PROBLEM TO WORK ON: Begin at the line containing "- person (0,376,6,482)" and copy each line exactly through the end of the records, leaving out what comes before.

Records excerpted from a collection:
──────────

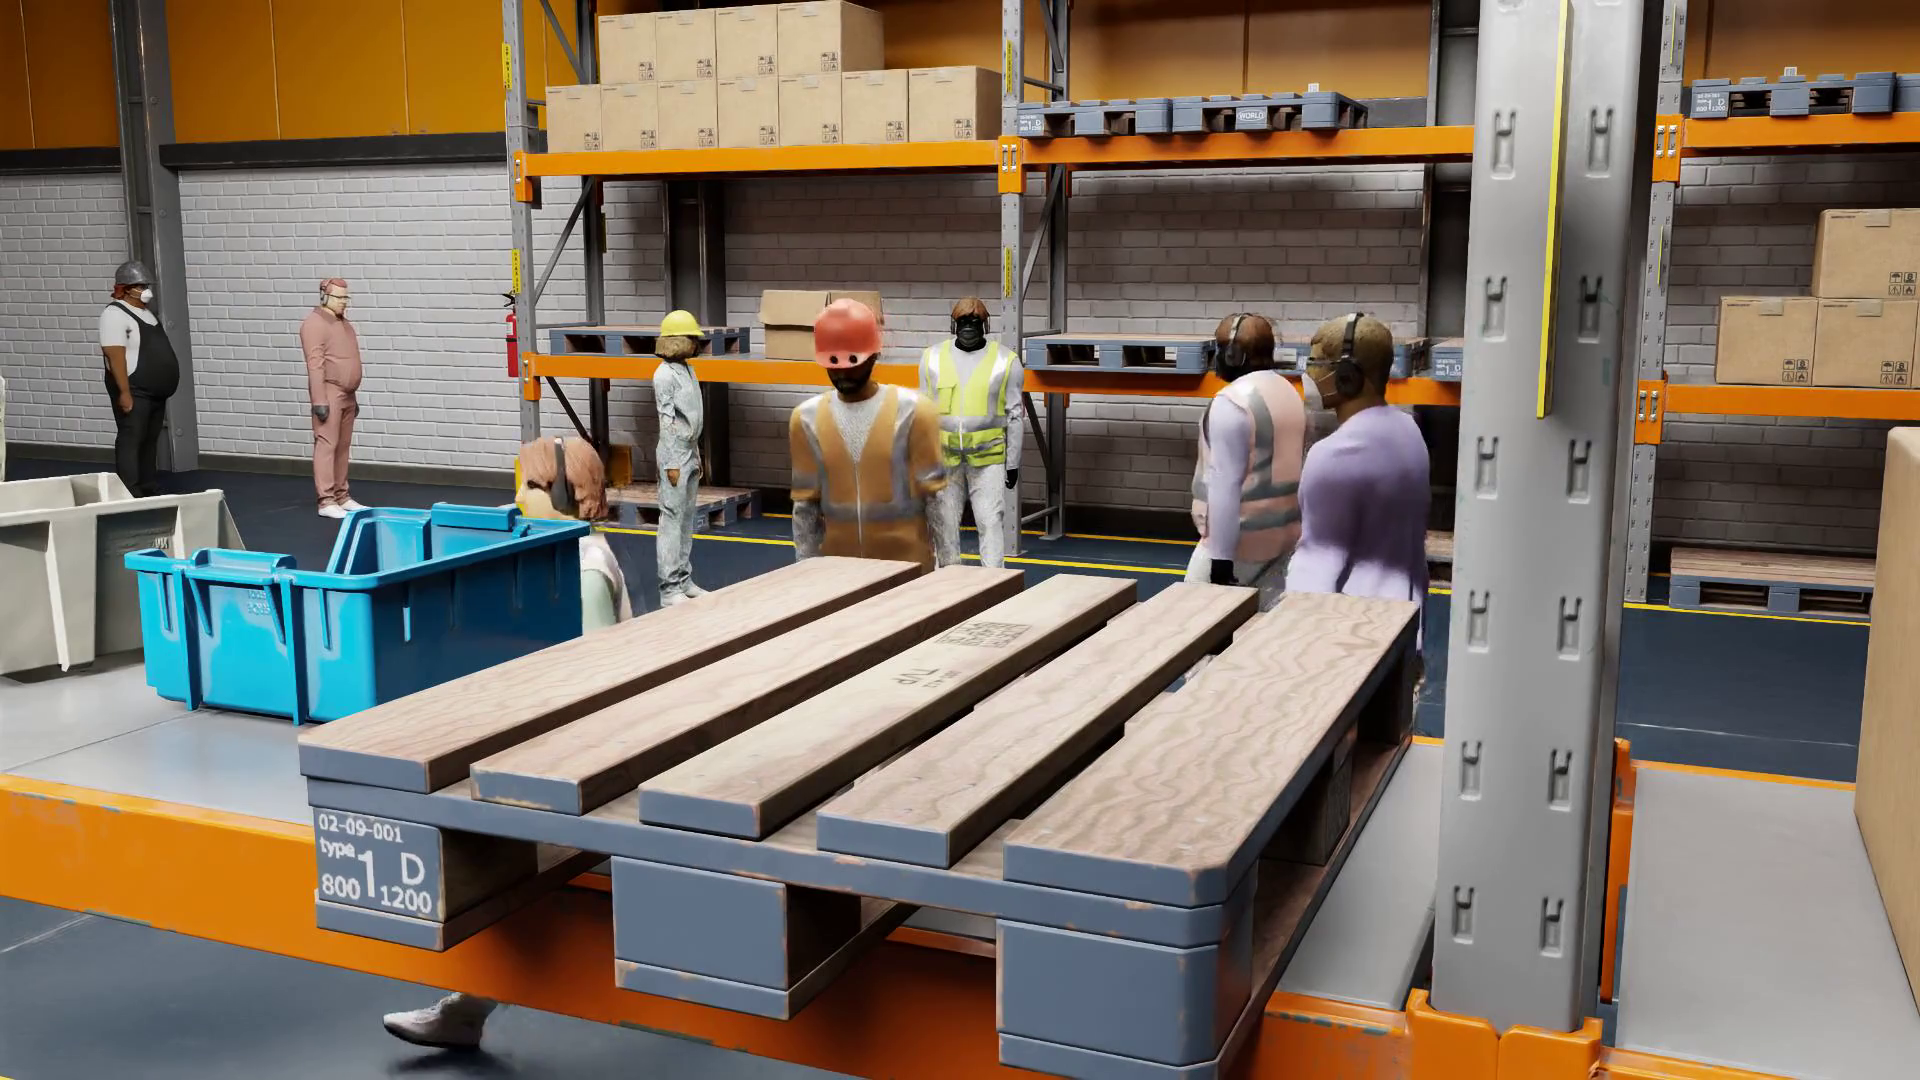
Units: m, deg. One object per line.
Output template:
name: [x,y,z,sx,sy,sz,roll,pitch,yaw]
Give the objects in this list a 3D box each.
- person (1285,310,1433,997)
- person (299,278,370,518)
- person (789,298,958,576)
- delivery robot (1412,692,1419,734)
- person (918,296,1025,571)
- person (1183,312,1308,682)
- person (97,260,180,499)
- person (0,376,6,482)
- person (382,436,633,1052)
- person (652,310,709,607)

──────────

EXERCISE RESPONSE:
- person (0,376,6,482)
- person (382,436,633,1052)
- person (652,310,709,607)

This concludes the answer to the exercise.